Stored data:

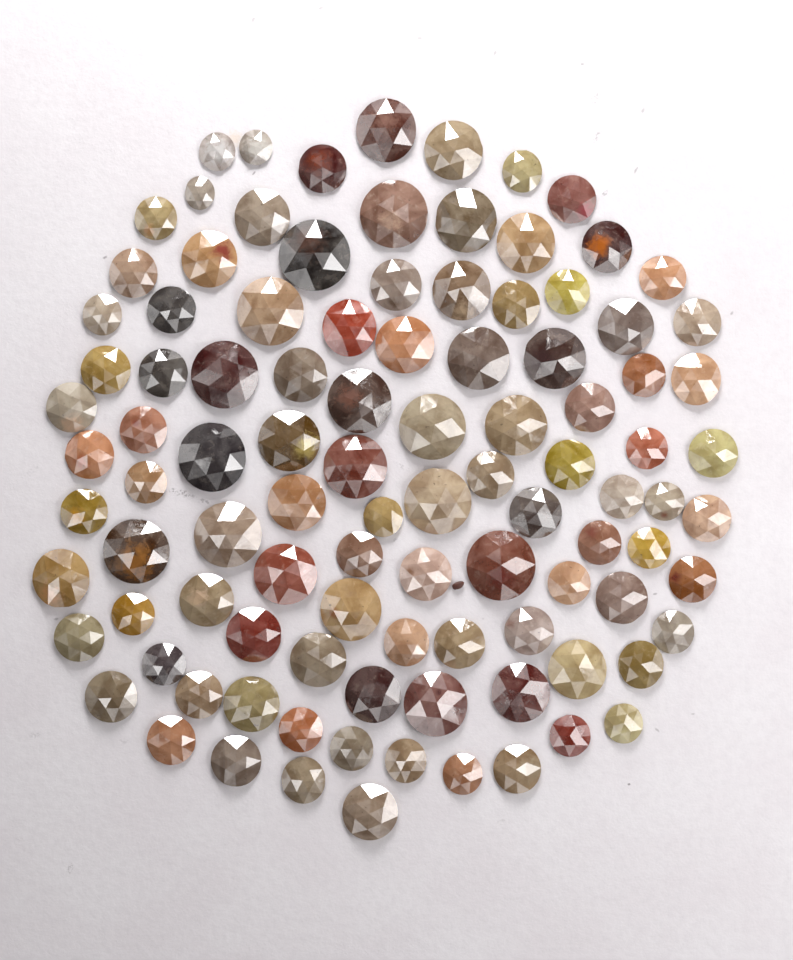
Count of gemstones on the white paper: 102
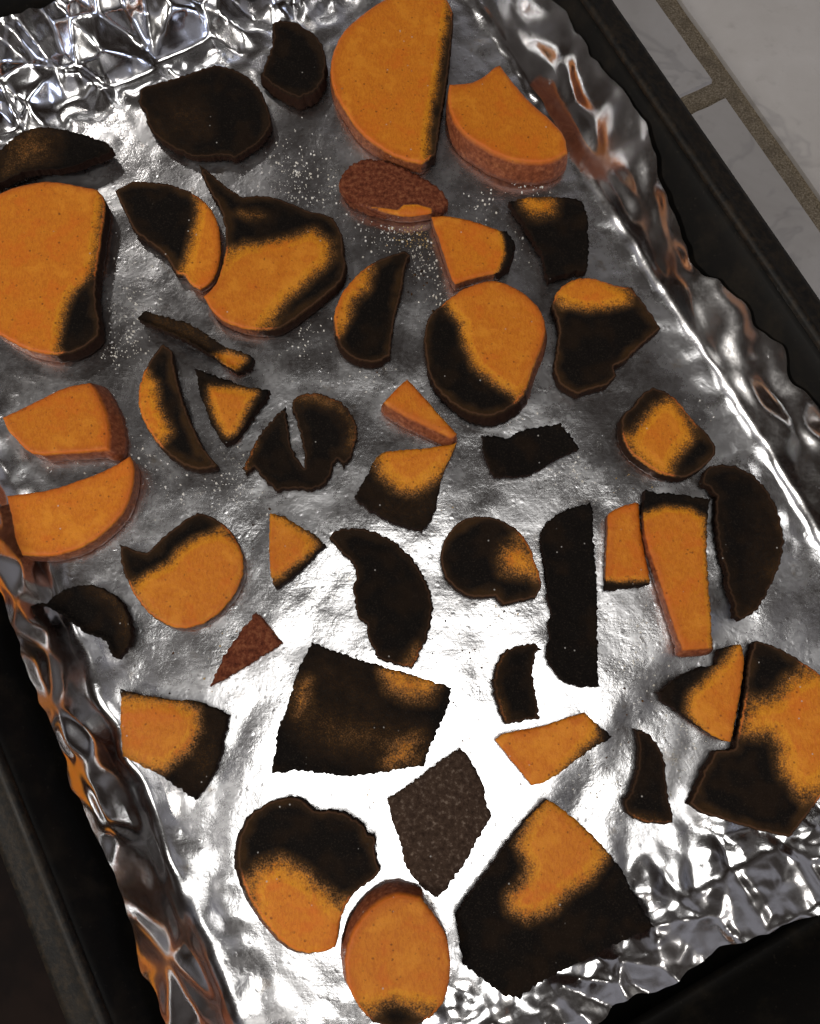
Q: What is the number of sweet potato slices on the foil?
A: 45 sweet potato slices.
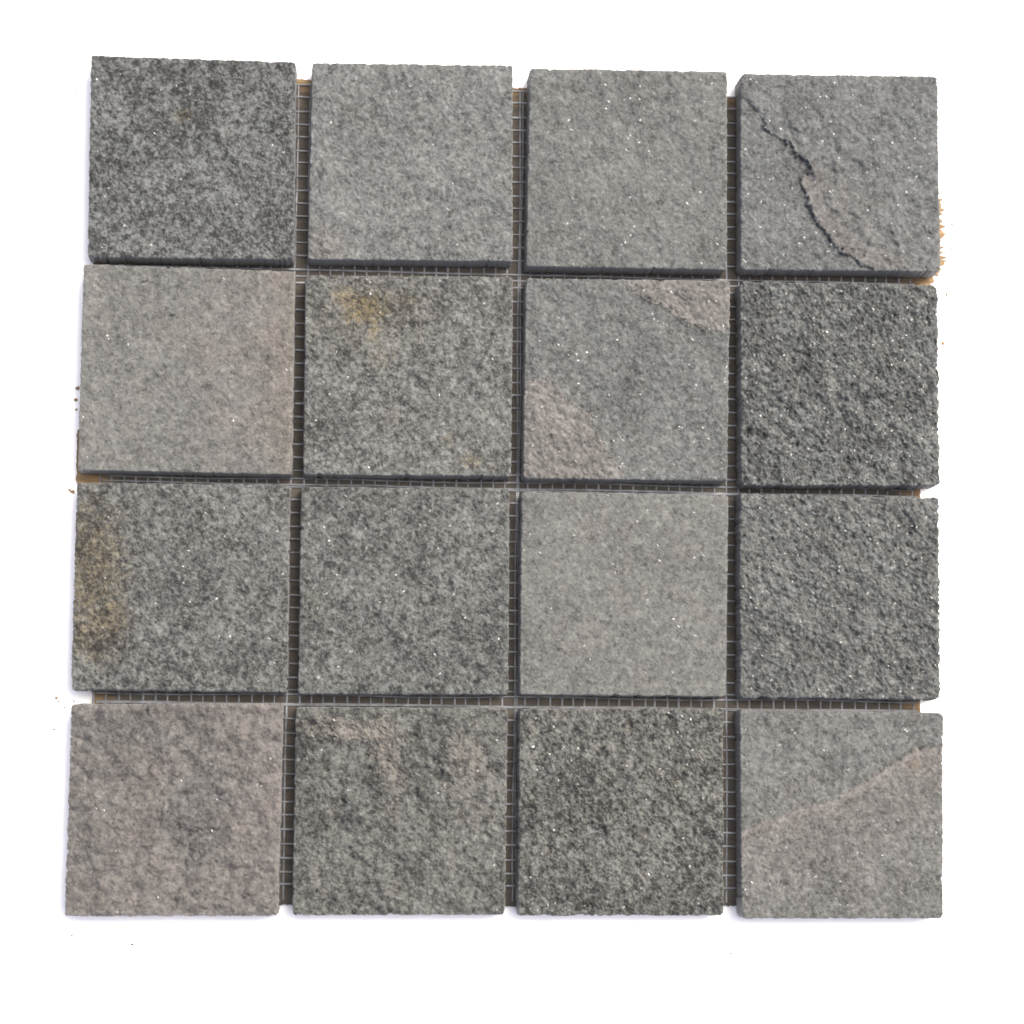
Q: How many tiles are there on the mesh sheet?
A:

### What you have to do
Word for word, set down the lines from the line with "A: 45 sweet potato slices." through the last line of the entries, and nothing else; the pictures stay out.

### Solution for this exercise
A: 45 sweet potato slices.
Q: How many tiles are there on the mesh sheet?
A:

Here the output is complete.